→ TASK OBJECTIVE: Could you copy each line of the entries that contains "Steel"?

→ INPUT DATA:

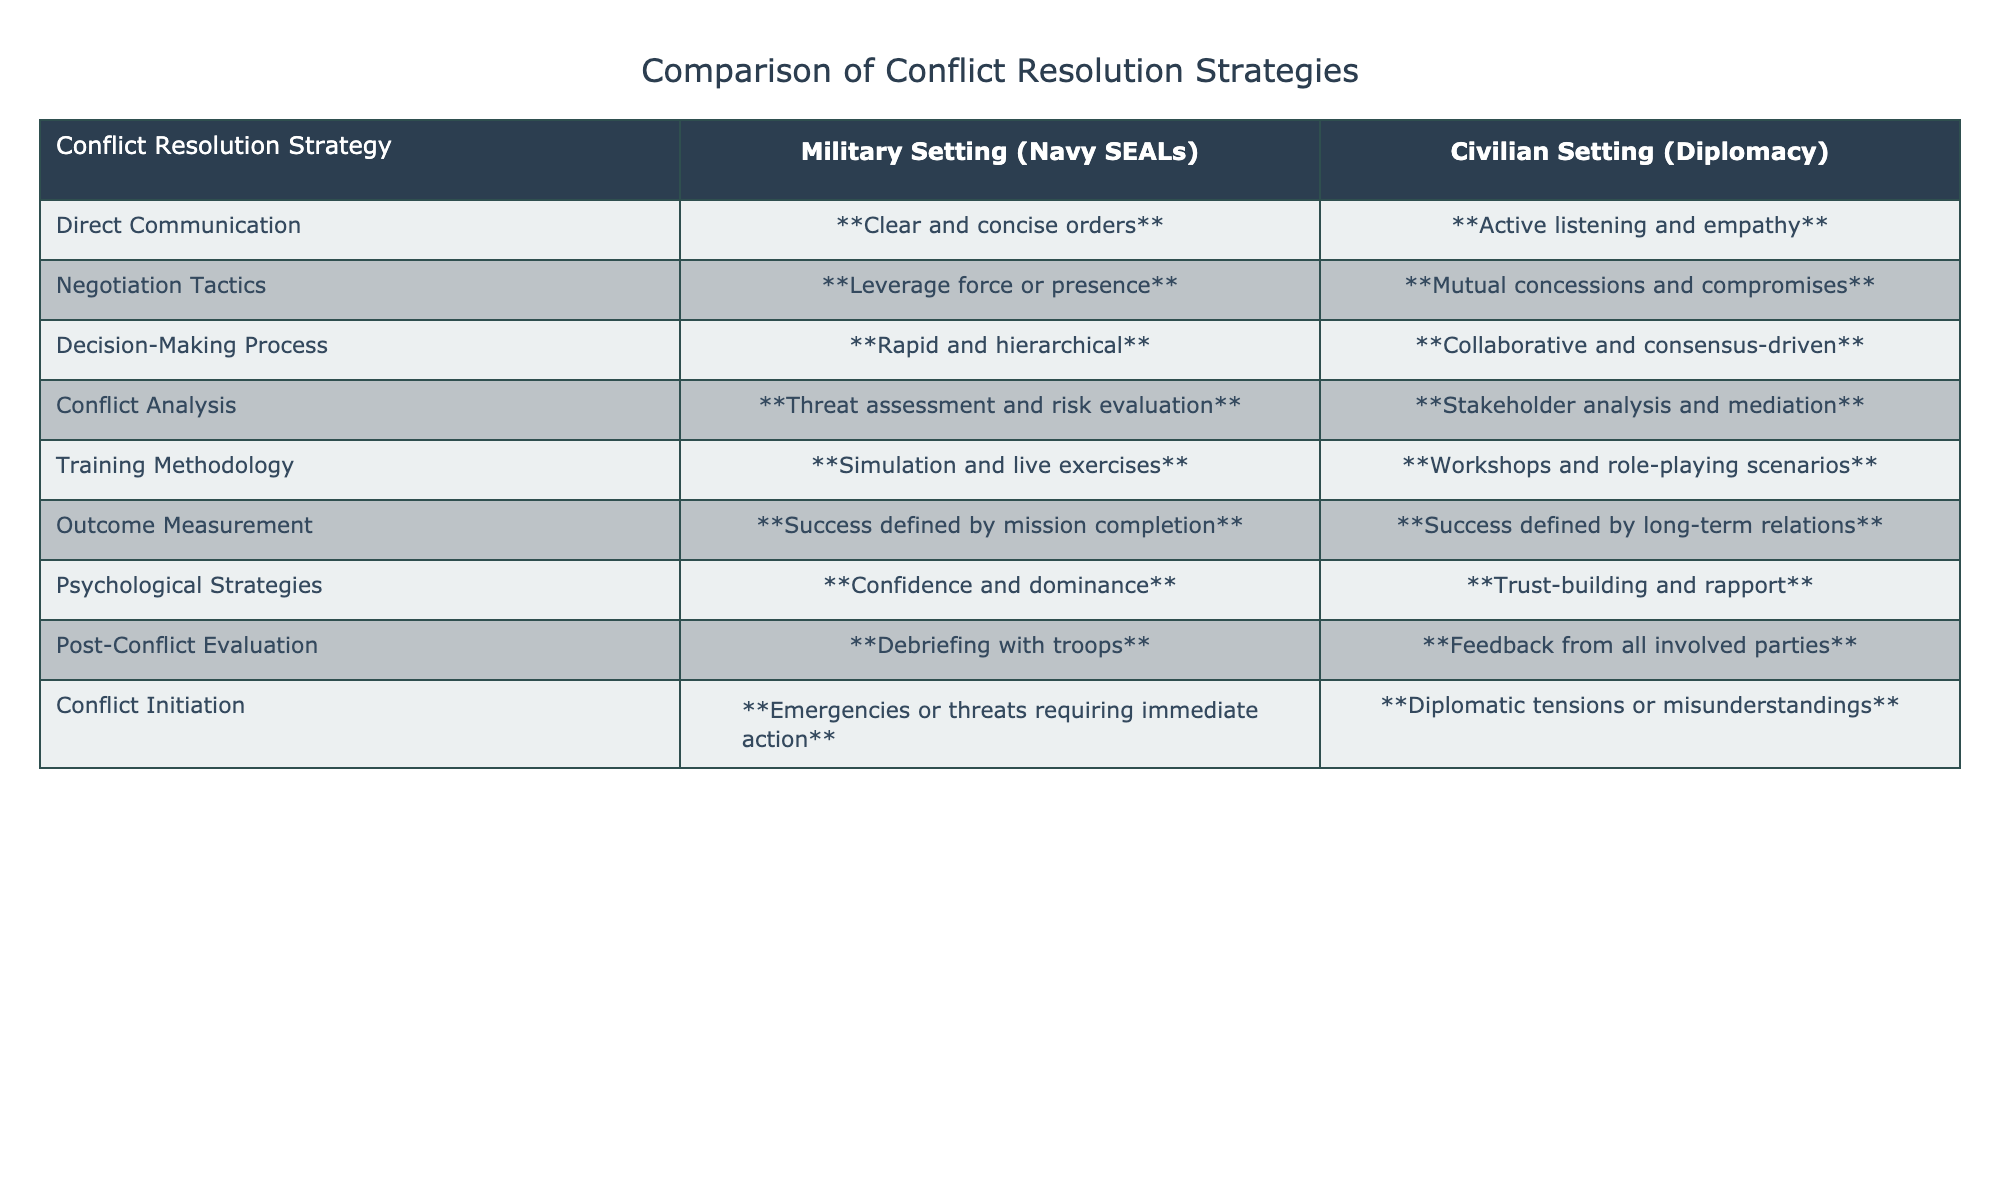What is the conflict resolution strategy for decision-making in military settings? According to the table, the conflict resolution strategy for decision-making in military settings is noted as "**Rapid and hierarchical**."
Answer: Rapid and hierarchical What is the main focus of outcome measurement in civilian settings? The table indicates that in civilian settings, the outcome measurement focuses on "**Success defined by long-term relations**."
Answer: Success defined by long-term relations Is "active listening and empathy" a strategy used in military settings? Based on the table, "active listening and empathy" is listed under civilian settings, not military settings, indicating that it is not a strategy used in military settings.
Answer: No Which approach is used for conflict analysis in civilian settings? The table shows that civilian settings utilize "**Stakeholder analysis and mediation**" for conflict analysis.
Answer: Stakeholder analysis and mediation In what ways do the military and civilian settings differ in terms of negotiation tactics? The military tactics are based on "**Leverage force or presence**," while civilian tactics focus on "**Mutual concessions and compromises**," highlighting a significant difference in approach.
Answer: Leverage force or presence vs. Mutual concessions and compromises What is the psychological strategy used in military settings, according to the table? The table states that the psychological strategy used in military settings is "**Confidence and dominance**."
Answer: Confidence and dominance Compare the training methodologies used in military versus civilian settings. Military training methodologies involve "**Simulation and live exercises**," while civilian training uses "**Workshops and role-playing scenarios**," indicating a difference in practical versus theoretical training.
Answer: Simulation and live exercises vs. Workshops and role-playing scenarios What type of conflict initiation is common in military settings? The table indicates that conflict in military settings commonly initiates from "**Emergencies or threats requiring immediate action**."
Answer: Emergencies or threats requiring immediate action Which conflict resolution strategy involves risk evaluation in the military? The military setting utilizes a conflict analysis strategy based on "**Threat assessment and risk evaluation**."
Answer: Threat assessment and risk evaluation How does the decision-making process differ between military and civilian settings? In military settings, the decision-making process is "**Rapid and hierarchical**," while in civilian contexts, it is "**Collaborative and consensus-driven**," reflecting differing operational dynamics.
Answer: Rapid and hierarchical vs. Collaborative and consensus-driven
* * *
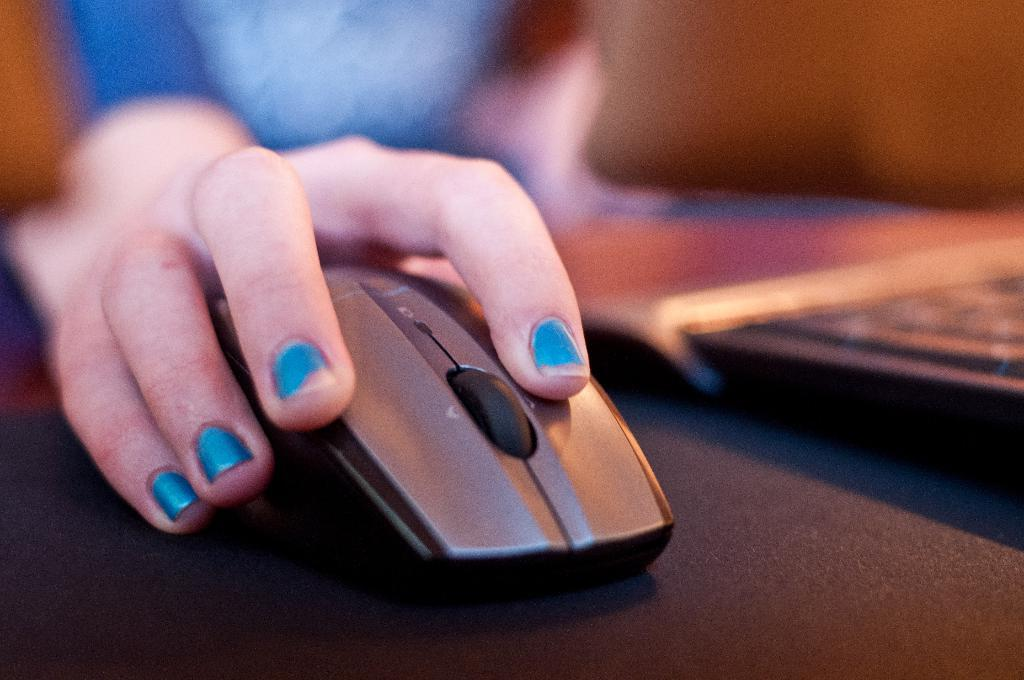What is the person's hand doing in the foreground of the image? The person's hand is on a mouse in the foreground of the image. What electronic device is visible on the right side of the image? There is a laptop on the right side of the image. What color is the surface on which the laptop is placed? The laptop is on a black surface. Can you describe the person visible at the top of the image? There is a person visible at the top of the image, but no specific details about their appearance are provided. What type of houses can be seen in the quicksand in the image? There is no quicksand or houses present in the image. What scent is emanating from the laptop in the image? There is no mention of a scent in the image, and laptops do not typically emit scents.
--
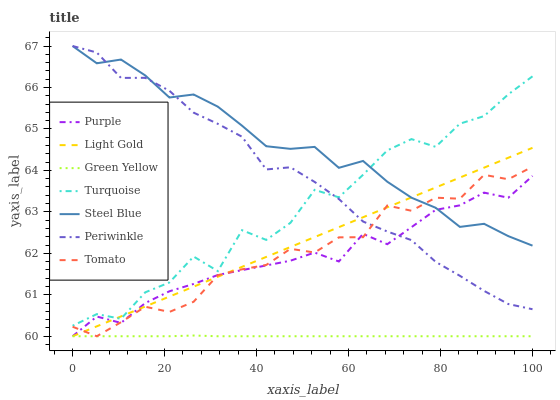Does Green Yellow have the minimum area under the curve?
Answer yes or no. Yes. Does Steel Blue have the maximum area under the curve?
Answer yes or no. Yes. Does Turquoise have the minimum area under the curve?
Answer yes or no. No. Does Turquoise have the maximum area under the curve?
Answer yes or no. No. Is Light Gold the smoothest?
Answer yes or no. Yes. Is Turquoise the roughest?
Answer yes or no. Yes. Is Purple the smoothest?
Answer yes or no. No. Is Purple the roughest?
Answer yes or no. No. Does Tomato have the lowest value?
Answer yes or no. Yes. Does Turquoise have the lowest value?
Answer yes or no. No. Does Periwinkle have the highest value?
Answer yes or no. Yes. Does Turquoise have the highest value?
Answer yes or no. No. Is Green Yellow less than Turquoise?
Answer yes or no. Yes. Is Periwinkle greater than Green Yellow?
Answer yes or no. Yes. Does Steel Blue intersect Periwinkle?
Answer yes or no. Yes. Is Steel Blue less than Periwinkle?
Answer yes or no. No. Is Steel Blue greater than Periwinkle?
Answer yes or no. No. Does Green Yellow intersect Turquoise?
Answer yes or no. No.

→ EXERCISE OUTPUT:
Answer yes or no. Yes. Does Steel Blue have the maximum area under the curve?
Answer yes or no. Yes. Does Steel Blue intersect Periwinkle?
Answer yes or no. Yes. Is Steel Blue less than Periwinkle?
Answer yes or no. No. Is Steel Blue greater than Periwinkle?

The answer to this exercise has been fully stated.